• [ASSIGNMENT] Give the data below again exactly, and drop each picture from it.

····················

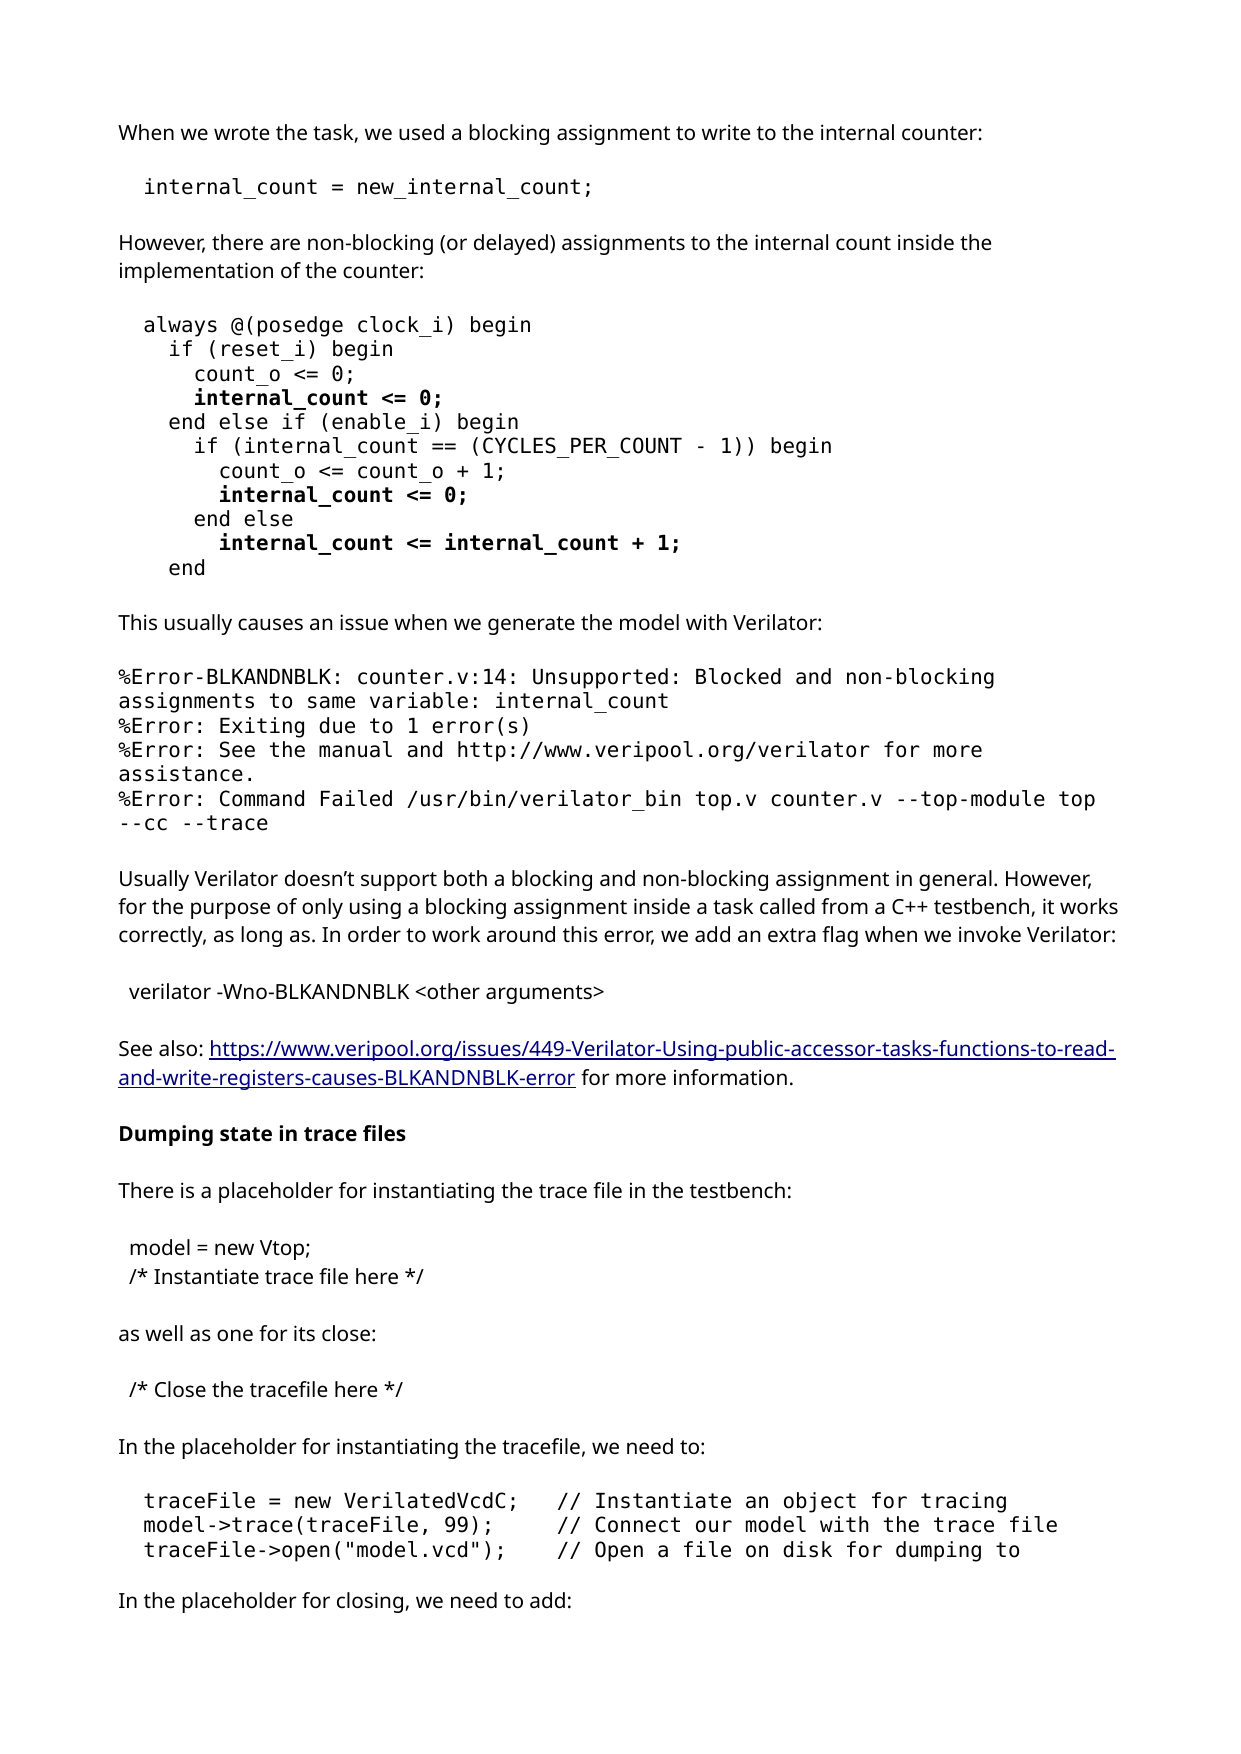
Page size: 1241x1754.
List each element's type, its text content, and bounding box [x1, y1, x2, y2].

text internal_count <= 0; [118, 386, 1122, 410]
text as well as one for its close: [118, 1319, 1122, 1347]
text %Error: Command Failed /usr/bin/verilator_bin top.v counter.v --top-module top --cc --trace [118, 787, 1122, 835]
text internal_count = new_internal_count; [118, 175, 1122, 199]
text end else if (enable_i) begin [118, 410, 1122, 434]
text /* Instantiate trace file here */ [118, 1262, 1122, 1290]
text count_o <= count_o + 1; [118, 459, 1122, 483]
text %Error: Exiting due to 1 error(s) [118, 714, 1122, 738]
text %Error: See the manual and http://www.veripool.org/verilator for more assistance. [118, 738, 1122, 787]
text In the placeholder for instantiating the tracefile, we need to: [118, 1432, 1122, 1461]
text model->trace(traceFile, 99); // Connect our model with the trace file [118, 1513, 1122, 1538]
text This usually causes an issue when we generate the model with Verilator: [118, 608, 1122, 637]
text /* Close the tracefile here */ [118, 1376, 1122, 1404]
text end [118, 556, 1122, 580]
text Usually Verilator doesn’t support both a blocking and non-blocking assignment in general. However, for the purpose of only using a blocking assignment inside a task called from a C++ testbench, it works correctly, as long as. In order to work around this error, we add an extra flag when we invoke Verilator: [118, 864, 1122, 949]
text if (reset_i) begin [118, 337, 1122, 362]
text count_o <= 0; [118, 362, 1122, 386]
text traceFile = new VerilatedVcdC; // Instantiate an object for tracing [118, 1489, 1122, 1513]
text internal_count <= 0; [118, 483, 1122, 507]
text %Error-BLKANDNBLK: counter.v:14: Unsupported: Blocked and non-blocking assignments to same variable: internal_count [118, 665, 1122, 714]
text In the placeholder for closing, we need to add: [118, 1586, 1122, 1615]
text if (internal_count == (CYCLES_PER_COUNT - 1)) begin [118, 434, 1122, 459]
text model = new Vtop; [118, 1233, 1122, 1262]
text internal_count <= internal_count + 1; [118, 531, 1122, 556]
text always @(posedge clock_i) begin [118, 313, 1122, 337]
text When we wrote the task, we used a blocking assignment to write to the internal counter: [118, 118, 1122, 147]
text See also: https://www.veripool.org/issues/449-Verilator-Using-public-accessor-tasks-functions-to-read-and-write-registers-causes-BLKANDNBLK-error for more information. [118, 1034, 1122, 1091]
text traceFile->open("model.vcd"); // Open a file on disk for dumping to [118, 1538, 1122, 1562]
text end else [118, 507, 1122, 531]
text Dumping state in trace files [118, 1119, 1122, 1148]
text However, there are non-blocking (or delayed) assignments to the internal count inside the implementation of the counter: [118, 228, 1122, 284]
text verilator -Wno-BLKANDNBLK <other arguments> [118, 977, 1122, 1006]
text There is a placeholder for instantiating the trace file in the testbench: [118, 1176, 1122, 1205]
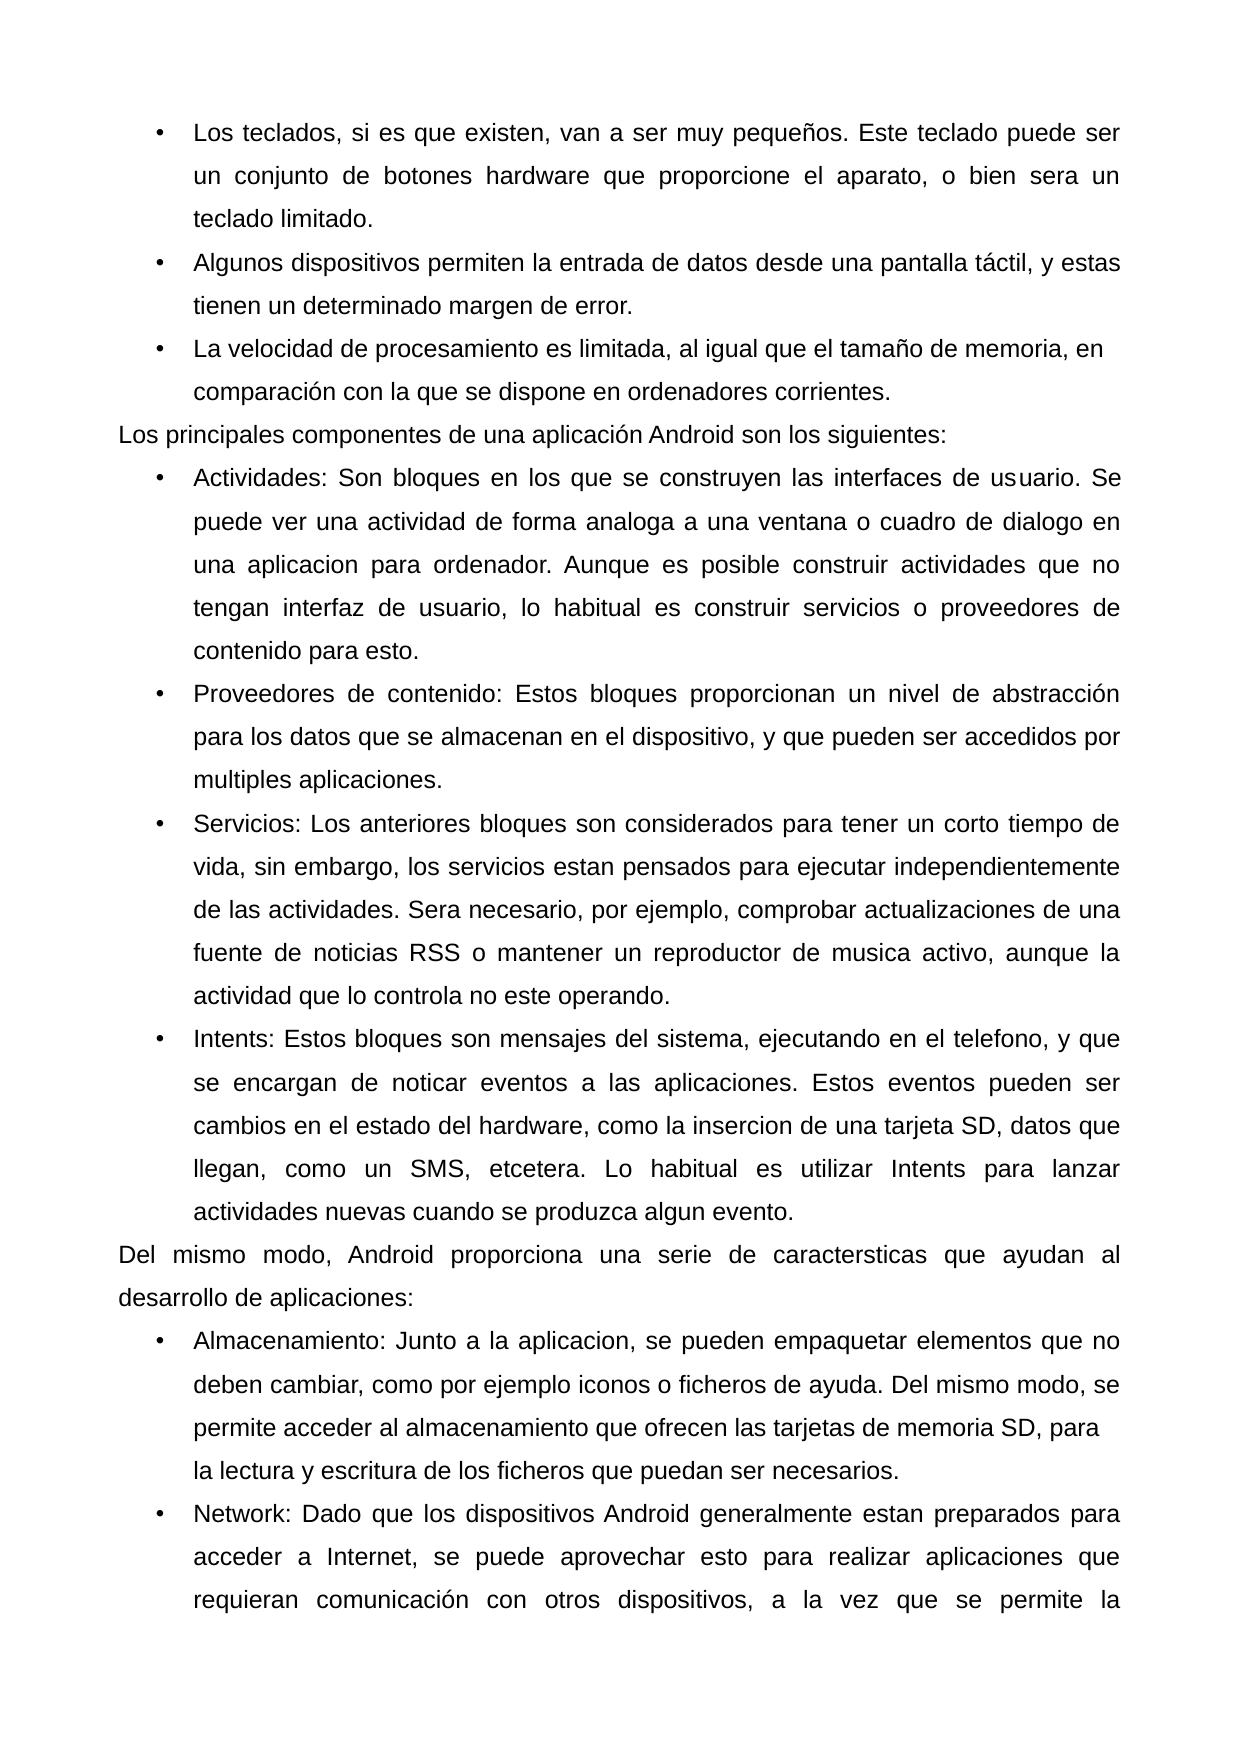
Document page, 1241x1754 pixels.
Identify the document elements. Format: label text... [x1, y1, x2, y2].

list Intents: Estos bloques son mensajes del sistema, ejecutando en el telefono, y que se encargan de noticar eventos a las aplicaciones. Estos eventos pueden ser cambios en el estado del hardware, como la insercion de una tarjeta SD, datos que llegan, como un SMS, etcetera. Lo habitual es utilizar Intents para lanzar actividades nuevas cuando se produzca algun evento. [156, 1024, 1122, 1226]
text Los principales componentes de una aplicación Android son los siguientes: [118, 420, 1122, 449]
list Proveedores de contenido: Estos bloques proporcionan un nivel de abstracción para los datos que se almacenan en el dispositivo, y que pueden ser accedidos por multiples aplicaciones. [156, 679, 1122, 794]
list la lectura y escritura de los ficheros que puedan ser necesarios. [156, 1456, 1122, 1484]
list Los teclados, si es que existen, van a ser muy pequeños. Este teclado puede ser un conjunto de botones hardware que proporcione el aparato, o bien sera un teclado limitado. [156, 118, 1122, 233]
list Algunos dispositivos permiten la entrada de datos desde una pantalla táctil, y estas tienen un determinado margen de error. [156, 248, 1122, 319]
list Actividades: Son bloques en los que se construyen las interfaces de usuario. Se puede ver una actividad de forma analoga a una ventana o cuadro de dialogo en una aplicacion para ordenador. Aunque es posible construir actividades que no tengan interfaz de usuario, lo habitual es construir servicios o proveedores de contenido para esto. [156, 463, 1122, 665]
list comparación con la que se dispone en ordenadores corrientes. [156, 377, 1122, 406]
text Del mismo modo, Android proporciona una serie de caractersticas que ayudan al desarrollo de aplicaciones: [118, 1240, 1122, 1312]
list La velocidad de procesamiento es limitada, al igual que el tamaño de memoria, en [156, 334, 1122, 363]
list Almacenamiento: Junto a la aplicacion, se pueden empaquetar elementos que no deben cambiar, como por ejemplo iconos o ficheros de ayuda. Del mismo modo, se permite acceder al almacenamiento que ofrecen las tarjetas de memoria SD, para [156, 1326, 1122, 1441]
list Network: Dado que los dispositivos Android generalmente estan preparados para acceder a Internet, se puede aprovechar esto para realizar aplicaciones que requieran comunicación con otros dispositivos, a la vez que se permite la [156, 1499, 1122, 1614]
list Servicios: Los anteriores bloques son considerados para tener un corto tiempo de vida, sin embargo, los servicios estan pensados para ejecutar independientemente de las actividades. Sera necesario, por ejemplo, comprobar actualizaciones de una fuente de noticias RSS o mantener un reproductor de musica activo, aunque la actividad que lo controla no este operando. [156, 809, 1122, 1010]

····················

• [COMPLETED EXERCISE]
Page size: 1241x1754.
List each element's type, its text content, and bounding box [x1, y1, x2, y2].

text internal_count <= 0; [118, 386, 1122, 410]
text as well as one for its close: [118, 1319, 1122, 1347]
text %Error: Command Failed /usr/bin/verilator_bin top.v counter.v --top-module top --cc --trace [118, 787, 1122, 835]
text internal_count = new_internal_count; [118, 175, 1122, 199]
text end else if (enable_i) begin [118, 410, 1122, 434]
text /* Instantiate trace file here */ [118, 1262, 1122, 1290]
text count_o <= count_o + 1; [118, 459, 1122, 483]
text %Error: Exiting due to 1 error(s) [118, 714, 1122, 738]
text %Error: See the manual and http://www.veripool.org/verilator for more assistance. [118, 738, 1122, 787]
text In the placeholder for instantiating the tracefile, we need to: [118, 1432, 1122, 1461]
text model->trace(traceFile, 99); // Connect our model with the trace file [118, 1513, 1122, 1538]
text This usually causes an issue when we generate the model with Verilator: [118, 608, 1122, 637]
text /* Close the tracefile here */ [118, 1376, 1122, 1404]
text end [118, 556, 1122, 580]
text Usually Verilator doesn’t support both a blocking and non-blocking assignment in general. However, for the purpose of only using a blocking assignment inside a task called from a C++ testbench, it works correctly, as long as. In order to work around this error, we add an extra flag when we invoke Verilator: [118, 864, 1122, 949]
text if (reset_i) begin [118, 337, 1122, 362]
text count_o <= 0; [118, 362, 1122, 386]
text traceFile = new VerilatedVcdC; // Instantiate an object for tracing [118, 1489, 1122, 1513]
text internal_count <= 0; [118, 483, 1122, 507]
text %Error-BLKANDNBLK: counter.v:14: Unsupported: Blocked and non-blocking assignments to same variable: internal_count [118, 665, 1122, 714]
text In the placeholder for closing, we need to add: [118, 1586, 1122, 1615]
text if (internal_count == (CYCLES_PER_COUNT - 1)) begin [118, 434, 1122, 459]
text model = new Vtop; [118, 1233, 1122, 1262]
text internal_count <= internal_count + 1; [118, 531, 1122, 556]
text always @(posedge clock_i) begin [118, 313, 1122, 337]
text When we wrote the task, we used a blocking assignment to write to the internal counter: [118, 118, 1122, 147]
text See also: https://www.veripool.org/issues/449-Verilator-Using-public-accessor-tasks-functions-to-read-and-write-registers-causes-BLKANDNBLK-error for more information. [118, 1034, 1122, 1091]
text traceFile->open("model.vcd"); // Open a file on disk for dumping to [118, 1538, 1122, 1562]
text end else [118, 507, 1122, 531]
text Dumping state in trace files [118, 1119, 1122, 1148]
text However, there are non-blocking (or delayed) assignments to the internal count inside the implementation of the counter: [118, 228, 1122, 284]
text verilator -Wno-BLKANDNBLK <other arguments> [118, 977, 1122, 1006]
text There is a placeholder for instantiating the trace file in the testbench: [118, 1176, 1122, 1205]
Document page, 1241x1754 pixels.
Identify the document elements. Format: label text... [x1, y1, x2, y2].

list Intents: Estos bloques son mensajes del sistema, ejecutando en el telefono, y que se encargan de noticar eventos a las aplicaciones. Estos eventos pueden ser cambios en el estado del hardware, como la insercion de una tarjeta SD, datos que llegan, como un SMS, etcetera. Lo habitual es utilizar Intents para lanzar actividades nuevas cuando se produzca algun evento. [156, 1024, 1122, 1226]
text Los principales componentes de una aplicación Android son los siguientes: [118, 420, 1122, 449]
list Proveedores de contenido: Estos bloques proporcionan un nivel de abstracción para los datos que se almacenan en el dispositivo, y que pueden ser accedidos por multiples aplicaciones. [156, 679, 1122, 794]
list la lectura y escritura de los ficheros que puedan ser necesarios. [156, 1456, 1122, 1484]
list Los teclados, si es que existen, van a ser muy pequeños. Este teclado puede ser un conjunto de botones hardware que proporcione el aparato, o bien sera un teclado limitado. [156, 118, 1122, 233]
list Algunos dispositivos permiten la entrada de datos desde una pantalla táctil, y estas tienen un determinado margen de error. [156, 248, 1122, 319]
list Actividades: Son bloques en los que se construyen las interfaces de usuario. Se puede ver una actividad de forma analoga a una ventana o cuadro de dialogo en una aplicacion para ordenador. Aunque es posible construir actividades que no tengan interfaz de usuario, lo habitual es construir servicios o proveedores de contenido para esto. [156, 463, 1122, 665]
list comparación con la que se dispone en ordenadores corrientes. [156, 377, 1122, 406]
text Del mismo modo, Android proporciona una serie de caractersticas que ayudan al desarrollo de aplicaciones: [118, 1240, 1122, 1312]
list La velocidad de procesamiento es limitada, al igual que el tamaño de memoria, en [156, 334, 1122, 363]
list Almacenamiento: Junto a la aplicacion, se pueden empaquetar elementos que no deben cambiar, como por ejemplo iconos o ficheros de ayuda. Del mismo modo, se permite acceder al almacenamiento que ofrecen las tarjetas de memoria SD, para [156, 1326, 1122, 1441]
list Network: Dado que los dispositivos Android generalmente estan preparados para acceder a Internet, se puede aprovechar esto para realizar aplicaciones que requieran comunicación con otros dispositivos, a la vez que se permite la [156, 1499, 1122, 1614]
list Servicios: Los anteriores bloques son considerados para tener un corto tiempo de vida, sin embargo, los servicios estan pensados para ejecutar independientemente de las actividades. Sera necesario, por ejemplo, comprobar actualizaciones de una fuente de noticias RSS o mantener un reproductor de musica activo, aunque la actividad que lo controla no este operando. [156, 809, 1122, 1010]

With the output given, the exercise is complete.